JUST over two years ago, Rhiannon Tracey was getting ready to celebrate her 21st birthday when she was told she would never walk again.

The Eltham vet nurse had just bought a car and had sent out invitations to her party when she flew to Bali for a holiday with her mother and best friend.

‘‘It was our usual girls’ trip away,’’ she says now. ‘‘It was my best friend’s birthday the night that it happened.’’

Tracey’s life changed that night when she dived into the resort swimming pool and broke her spine. ‘‘It was poorly lit and the signage was poor.’’

The accident broke four of her vertebrae, and narrowly avoided severing her spinal cord. ‘‘I was paralysed from the neck down.’’

Tracey was rushed to Denpasar hospital, where she was scheduled for emergency surgery. Then Bali was hit by an earthquake.
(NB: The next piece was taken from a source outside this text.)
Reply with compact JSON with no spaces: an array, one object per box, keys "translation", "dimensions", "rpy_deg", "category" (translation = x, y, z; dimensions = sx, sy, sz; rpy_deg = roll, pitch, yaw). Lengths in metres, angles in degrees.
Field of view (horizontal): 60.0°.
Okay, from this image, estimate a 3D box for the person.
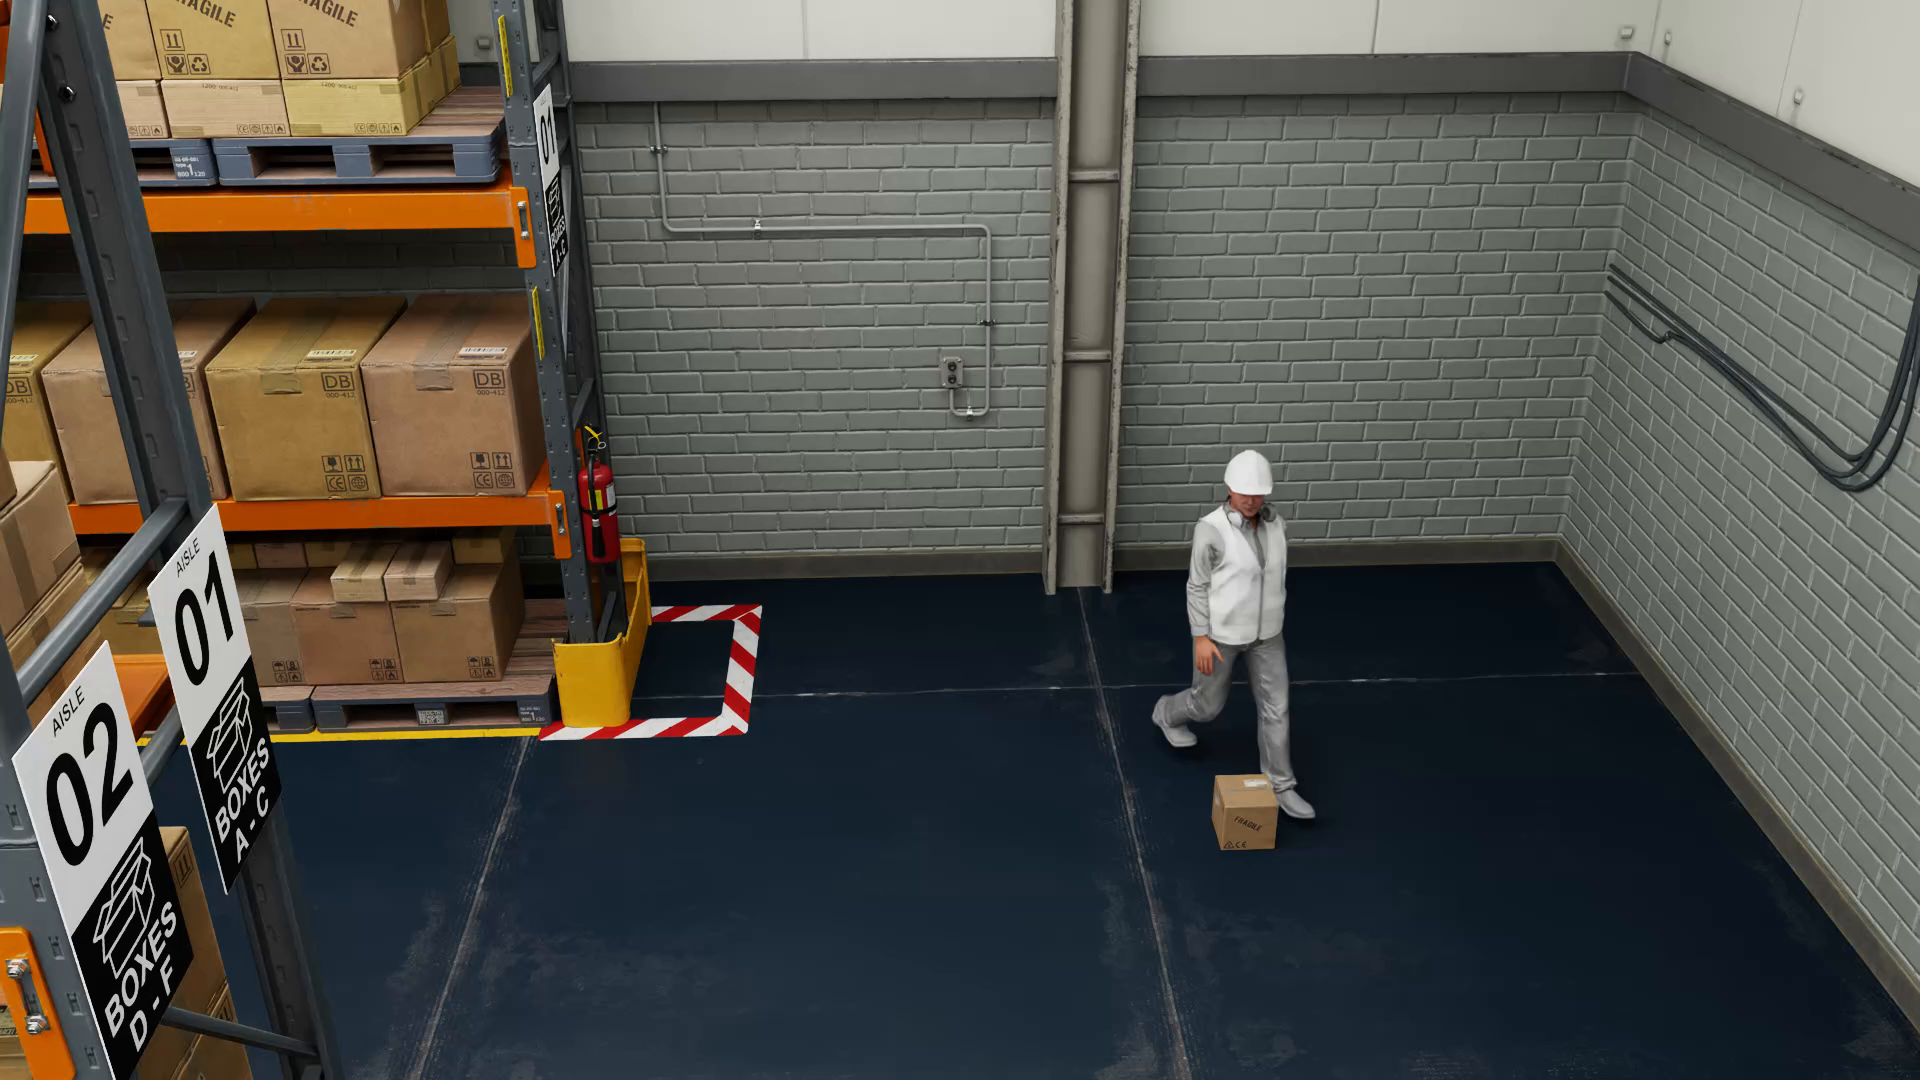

Fearing the hospital had been hit by a bomb, the doctors and nurses evacuated the hospital, leaving Tracey, her mother and her friend alone inside. She waited a further nine hours for surgery to fuse together her shattered spine.

Despite having travel insurance, Tracey was in hospital for two weeks before she was transferred to Australia. By then, she had collapsed lungs and her condition was deteriorating.

‘‘By the time two Aussie nurses arrived, I was on my last breath,’’ she says.

After being flown back to Australia, she was placed in an induced coma and underwent two further surgeries, placing titanium rods in her spine. She was then put into to rehabilitation at the Royal Talbot.

Initially, Tracey was told she would never walk again, let alone drive a car.

When she left the Royal Talbot six months later, Tracey recalls: ‘‘I was in a very dark place.’’

Yet, her family refused to give up hope. Instead, they hired private physiotherapists to give Tracey intensive physical therapy on her unresponsive limbs. As the accident took place overseas, Tracey’s family has received no compensation for her injuries.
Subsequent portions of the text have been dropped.